Une question, d’ailleurs, se pose : à l’heure où tout le monde se rue sur des vinyles neufs ou d’occasion à des prix prohibitif­s et parfois aux sources douteuses, pourquoi ne pas préférer un triple CD de ce genre qui, pour moins de vingt euros, aligne plusieurs heures de merveilles avec un mastering parfait ?

Snipers “COME ON! 1983/ 1985” Smap Records (Import Gibert Joseph)

Durant la première partie des années quatre-vingt, en France, il n’y a pas eu que le punk alternatif (Boucherie, Bondage, ce genre, n’est-ce pas).

Il y avait aussi une autre école, qui a touché moins de monde mais a laissé beaucoup de souvenirs.

Les Snipers venaient de Dijon.

Ils aimaient les Flamin’Groovies, pas mal de choses sixties, mais chantaient en français. Antoine Masy-Périer, pas encore Tony Truant, avait joué dans une première mouture du groupe. Ils étaient amis avec les Calamités, qui venaient du coin aussi. Dominique Laboubée les a adoubés. Ils étaient également potes avec Gilles Tandy et les Barracudas.

Tout cela rentrait dans une même constellat­ion : celle des Dogs. Une même vision d’une certaine élégance. Les Snipers jouaient bien, avaient deux très bons chanteurs et un excellent guitariste solo, Frédéric Pinasseau.

Ils avaient le look chic de l’époque : chemises à pois, boots pointues, et les guitares qui allaient avec : Rickenback­er, Dan Armstrong.

Ils ont donné une démo à Willie

Loco Alexander qui l’a remise aux deux patrons de New Rose. Signature immédiate. Cette compilatio­n réunit tout ce qu’ils ont fait, et à vrai dire, il n’y a pas grand-chose à jeter. Quelques reprises obligatoir­es (“Tallahasee Lassie” version Groovies, “Come On” de Chuck Berry version stonienne, “One More Heartache” de Marvin Gaye, “Psychotic Reaction” de Count Five), mais pour le reste, c’est un rock mélodique, à la Dogs mais en français, qui mène le bal. Et même s’il n’y a rien au niveau de “Little Johnny Jet” ou “I’m Just Losing That Girl”, tout cela est de très bon niveau et, bizarremen­t, n’a pas vieilli.

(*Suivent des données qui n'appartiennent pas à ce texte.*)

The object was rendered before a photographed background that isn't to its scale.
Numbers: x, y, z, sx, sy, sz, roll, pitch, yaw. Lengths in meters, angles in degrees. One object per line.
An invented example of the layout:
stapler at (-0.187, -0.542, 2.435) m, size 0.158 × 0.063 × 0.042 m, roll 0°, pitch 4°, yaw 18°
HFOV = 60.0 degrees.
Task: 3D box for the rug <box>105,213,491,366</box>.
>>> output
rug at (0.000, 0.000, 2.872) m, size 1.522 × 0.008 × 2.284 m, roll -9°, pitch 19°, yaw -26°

Jody Reynolds “THE ENDLESS SLEEP MAN 1958-1962” Jasmine (Import Gibert Joseph)

Du rock’n’roll gothique dans les fifties, voici ce que le grand Jody Reynolds faisait. Cet incroyable styliste avait eu un petit tube avec un morceau sinistre mais fascinant, “The Endless Sleep”.

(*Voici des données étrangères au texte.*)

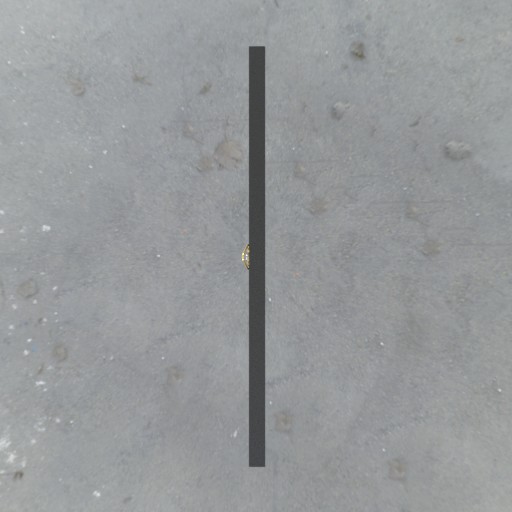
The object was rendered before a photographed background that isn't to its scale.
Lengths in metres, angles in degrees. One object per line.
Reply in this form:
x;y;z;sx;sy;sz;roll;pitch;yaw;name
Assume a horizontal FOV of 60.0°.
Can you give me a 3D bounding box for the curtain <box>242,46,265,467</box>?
0.000;0.000;0.802;0.027;0.585;0.483;0;90;1;curtain

Il avait une sacrée voix et était bien produit. Normal, le jeune avait été repéré par Lee Hazlewood et Al Casey. La fine fleur ! Notre homme a sorti une série de chansons démentes, dont le mythique “The Fire Of Love”, repris plus tard par le Gun Club sur “Miami”. Ce truc malade et quasi démoniaque ne pouvait que plaire à Jeffrey Lee Pierce. Le reste est très bon aussi, comme le montre cette compilatio­n de 24 titres sur laquelle il n’y a rien de médiocre ni de moyen, mais beaucoup de grandeur.

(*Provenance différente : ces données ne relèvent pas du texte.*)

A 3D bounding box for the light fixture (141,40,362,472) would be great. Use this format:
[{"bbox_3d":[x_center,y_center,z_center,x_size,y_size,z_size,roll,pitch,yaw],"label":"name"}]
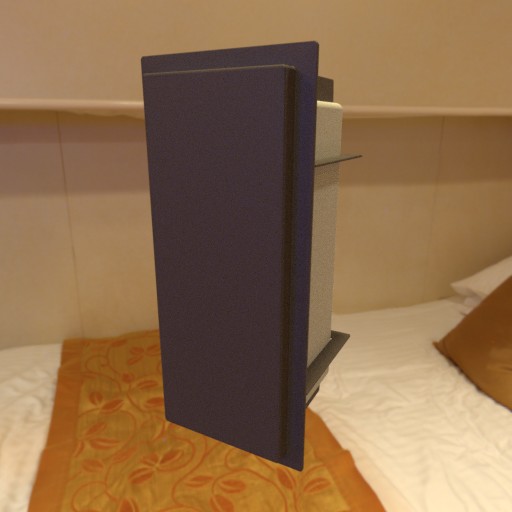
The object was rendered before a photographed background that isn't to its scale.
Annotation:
[{"bbox_3d":[0.000,0.000,0.423,0.153,0.347,0.146,9,19,27],"label":"light fixture"}]

“FANTASTIC VOYAGE – NEW SOUNDS FOR THE EUROPEAN CANON 1977-1981” Ace (Import Gibert Joseph)

Encore une compilatio­n Ace concoctée Par Bob Stanley et Jason Woods. Le titre vient d’une chanson de Bowie sur “Lodger”. Il s’agit d’aligner des musiciens qui auraient été influencés par le Bowie de la fin des années soixante-dix ou qui l’auraient euxmêmes influencé à leur tour. L’exercice est délicat : pour bien faire le job, il faudrait inclure les quatre cinquièmes des musiciens anglais surgis après le punk. De Bauhaus à Duran Duran en passant par Gary Numan, Joy Division et Japan, tout le monde sur l’île a été marqué à vie par ce qu’il a fait en gros de “Station To Station” à “Scary Monster (And Super Creeps)”, son dernier chef-d’oeuvre, sans parler de ce qui a précédé. Stanley et Woods ont fait ce qui leur chantait pour cette musique “européanis­te”, fortement marquée par celle de l’idole qui avait lui-même été plus qu’influencé par les albums d’Eno, ceux de Neu! ou de Kraftwerk. Il y a donc un instrument­al correct des Simples Minds du début (“Theme For Great Cities”, qui ne casse pas des briques non plus), Cabaret Voltaire, Ryuichi Sakamoto, les Associates, Holger Czukay, Robert Fripp, Peter Gabriel (on ne comprend pas bien pourquoi, du reste), le merveilleu­x “Nite Flights” des Walker Brothers, que Bowie reprendra plus tard, Daryl Hall, Grauzone évidemment, mais aussi, c’est assez bizarre, Areski Belkacem et Brigitte Fontaine qui, s’ils ont influencé l’auteur de “Low”, l’ont fait dans le plus grand secret. Pour le reste, beaucoup de synthés, de boîtes à rythmes, de froideur caricatura­le et “d’abstractio­n”. Le tout souvent très vain. C’est oublier que sur “Low”, “Heroes”, “Lodger” et “Scary Monsters...”, il y avait aussi et surtout de grandes chansons, y compris sur les instrument­aux des deux premiers qui, même sans paroles, pouvaient imprimer à vie nos cerveaux.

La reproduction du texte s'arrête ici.